— Говорите, писал сам? — уже спокойнее переспросила составитель.
И неожиданно согласилась:
— Возможно. Но за других делала я, не сомневайтесь.
Меня «другие» не интересовали.
— Но где же искать блокадные дневники Калинина? — я надеялся пробудить ее память.
Она словно отрезала:
— Повторяю, у меня ничего нет, не осталось, все возвращено в архив, там и ищите.
От похода в Соляной переулок меня удерживал злополучный рассказ об искусствоведе, забравшем бесхозные калужнинские работы в Архангельск.
Но так ли верны эти сведения?

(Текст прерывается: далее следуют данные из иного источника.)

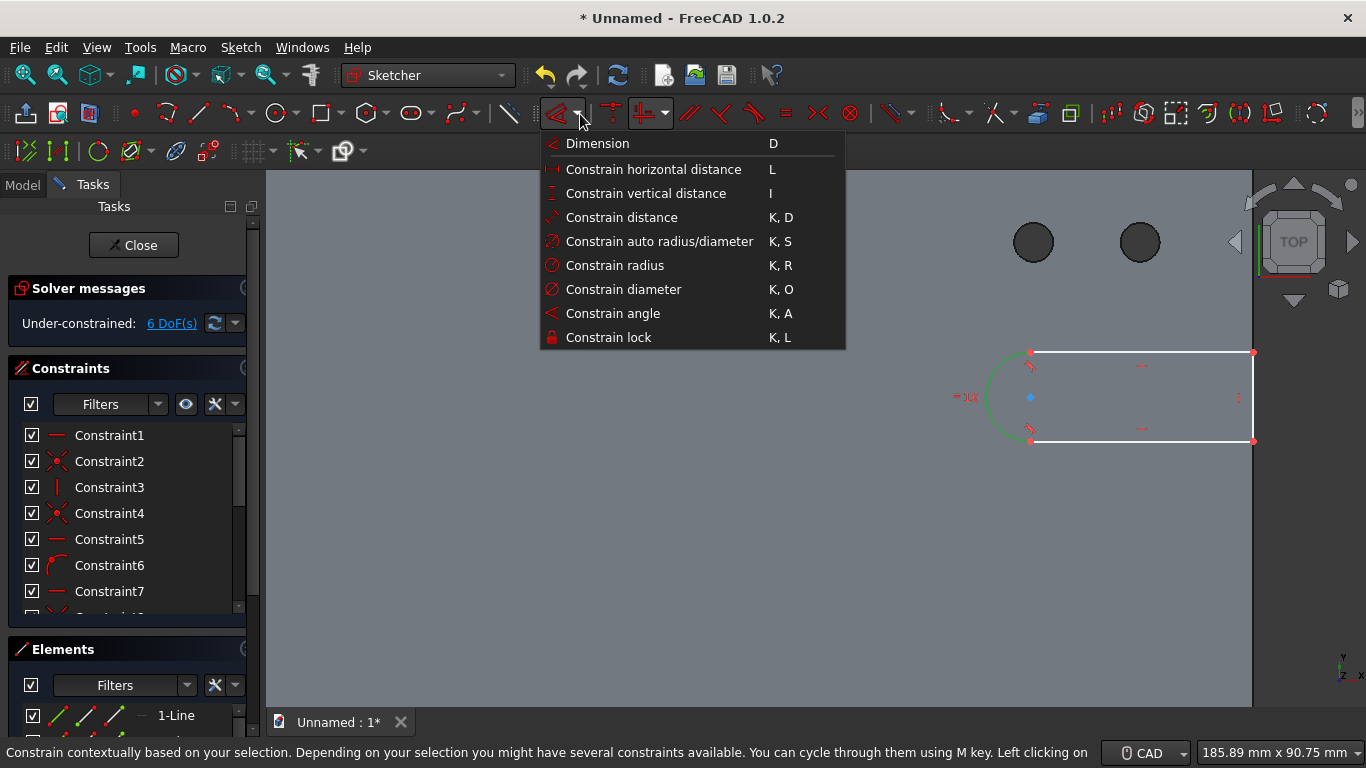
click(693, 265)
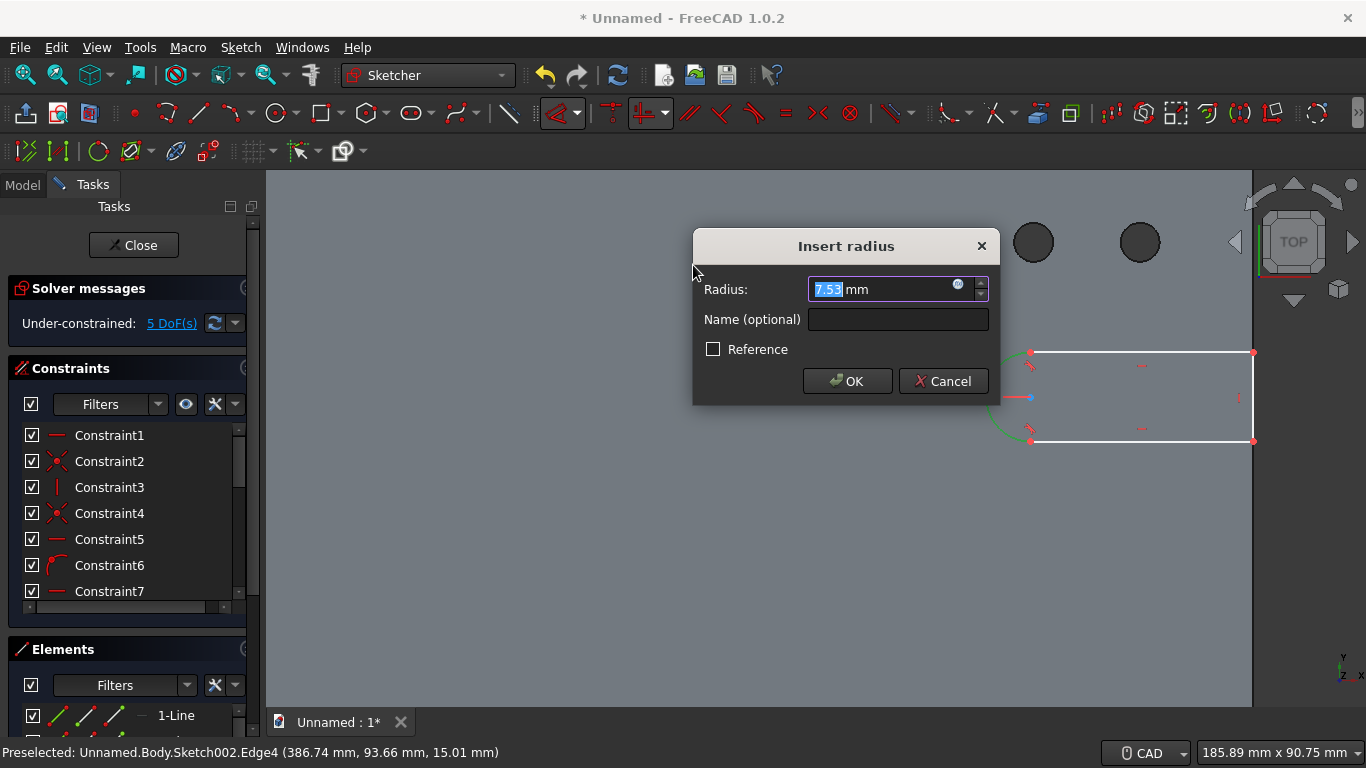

Почему я сделал вывод, не побывав в «Мухинке»?!
Я направился в музей студенческих работ художественно-промышленного училища.
Старушка дежурная выслушала меня с пониманием, покивала и тут же окликнула проходившую лаборантку:
— Елизавета Геннадьевна, тебя! Вот спрашивают про картины.
— Про какие такие картины? — женщина остановилась, с недоумением поглядела на меня.
— Да про те, помнишь? — сказала старушка, показав в сторону высоких дубовых застекленных дверей старого, теперь закрытого парадного входа. — Владимир Васильевич над которыми трясся.
Я невольно взглянул на простенок: что-то бесформенное навалом лежало там.
— Ах, вы про Калужнина?! — поняла Елизавета Геннадьевна. — Были, верно. Но куда делись, сказать не смогу. Кому-то отдали вроде.
Я был расстроен.
— Но уж если я пришел, может, вы что-нибудь расскажете о художнике?
Она села.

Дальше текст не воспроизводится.